Lee Daniels

Lee Daniels – “The United States Vs. Billie Holiday”

The Southwest Philadelphia Director, Producer, and Writer, Lee Daniels receives a Lumière Award and presents an exclusive advance screening of The United States Vs. Billie Holiday.

Courtesy of the Philadelphia Film Society and the overlords of local cinema, director-producer-writer Lee Daniels, a native of my old neighborhood, Southwest Philadelphia, received the Philadelphia Film Society’s highest honor. It is the fourth-ever Lumière Award following a virtual screening of his upcoming film, The United States Vs. Billie Holiday. Named for film’s first makers Auguste and Louis Lumière. And given to those artists with direct ties to the Philadelphia area. Past recipients include M. Night Shyamalan, Bruce Willis, and Adam McKay.

During a talkback award conversation with fellow Philadelphia native filmmaker Tommy Oliver, Lee Daniels chatted enthusiastically about his roots in Southwest Philly. And mentioned having garbage thrown at him for being Black and Gay. He brought up his earliest live film experiences. Seeing John Waters’ Pink Flamingos at the Theatre of Living Arts on South Street. Being amazed by its magical oddity, then bringing his mother and grandmother to see the same film with a less than enthusiastic response from his elders. “That visceral reaction,” one slap in the head and a stern talking-to for having brought them to see Waters’ weird funny filth, is what made Daniels want to make similar controversial and incendiary film. Uncompromising film. Powerful Black film.

Lee Daniels

While he joked about having made the charmingly tame The Butler for his mother… “She kept asking me when I was going to make a nice film like Tyler Perry”… Getting out of television, momentarily, as he produced Fox’s hit hip hop serial dramas Star and Empire, for several years until the pandemic… Then getting back to making movies as his way to tell more self-contained stories, in its own way, Daniels’ Billie Holiday felt dangerously close to the director. This coming from a man who made such stark, even horrific dramas, such as Monster’s Ball and Precious, based on the novel, PUSH, by Sapphire.

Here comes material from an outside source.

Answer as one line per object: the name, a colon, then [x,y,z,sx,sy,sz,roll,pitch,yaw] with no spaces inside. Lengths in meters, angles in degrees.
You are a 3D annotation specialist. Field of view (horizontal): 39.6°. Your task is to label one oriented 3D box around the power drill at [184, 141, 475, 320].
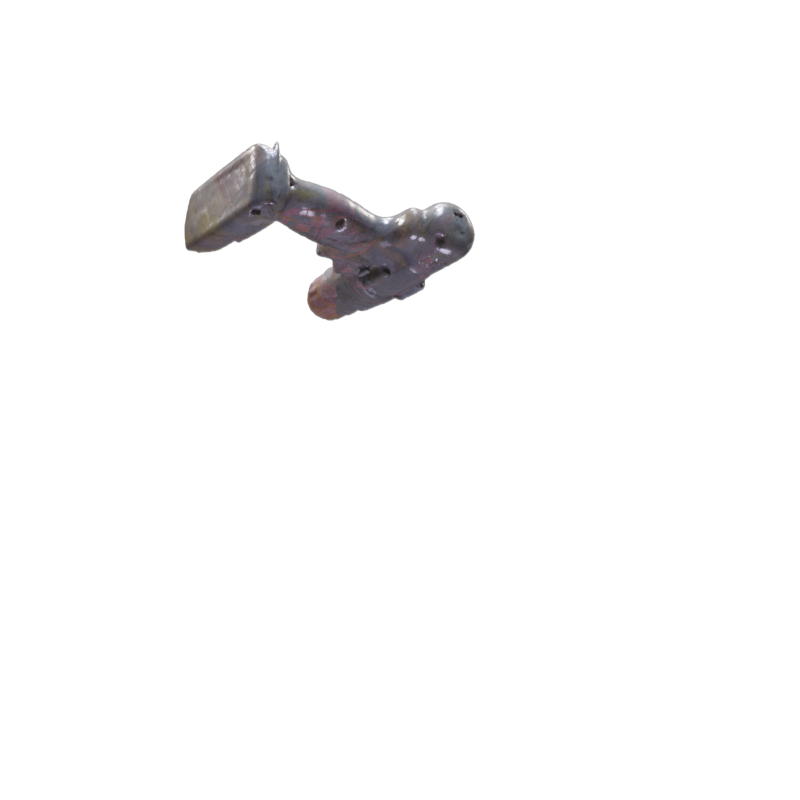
power drill: [-0.066,-0.121,0.847,0.178,0.061,0.184,16,-27,-34]

Daniels employed a script from playwright Suzan-Lori Parks. The movie stars singer-turned-actor Andra Day as the jazz vocal legend in a magnetic and poignant film debut that should net her an Oscar nomination. Daniels’ alluring and fiery film tells a sad true tale, one more morose, yet driven than the one before it. It recalls the many layers of Holiday’s insistent, racist run-ins with J. Edgar Hoover’s FBI, Harry J. Anslinger’s and Federal Department of Narcotics. All because of the power, and their fear, of one song… “Strange Fruit.”

Lee Daniels
Andra Day as Billie Holiday

Legendarily one of music’s most harsh and politicized songs, it sharply and quietly compares lynched, burned and brutalized Black bodies in the South to the bittersweet fruits hanging from the trees, with the scent of magnolia lingering in the air. See Billie perform it HERE, and you’ll never forget it. 

That was Holiday’s purpose in continuing to sing that song despite the often violent interaction of unscrupulous lovers-turned-managers who sought to tamp down the vocalist’s ardent anti-Black activism at great, on-going risk to her career. That Holiday forever struggled with alcoholism and heroin addiction made her an easy target for FBI and FDN undercover sting operations. One led by Black Federal Agent Jimmy Fletcher, with whom she had an affair as detailed in the film. And unnecessary arrests. The last one, the most undignified blow occurring on her death bed. The last time that Holiday refused to back down or give up her right to sing a most stirring song of empowerment. To this end, Day, literally and figuratively, portrays Holiday starkly, nakedly, wounded. But still proud and strong.

Lee Daniels

The United States Vs. Billie Holiday, out February 26 in theaters and on HULU, will take your breath away.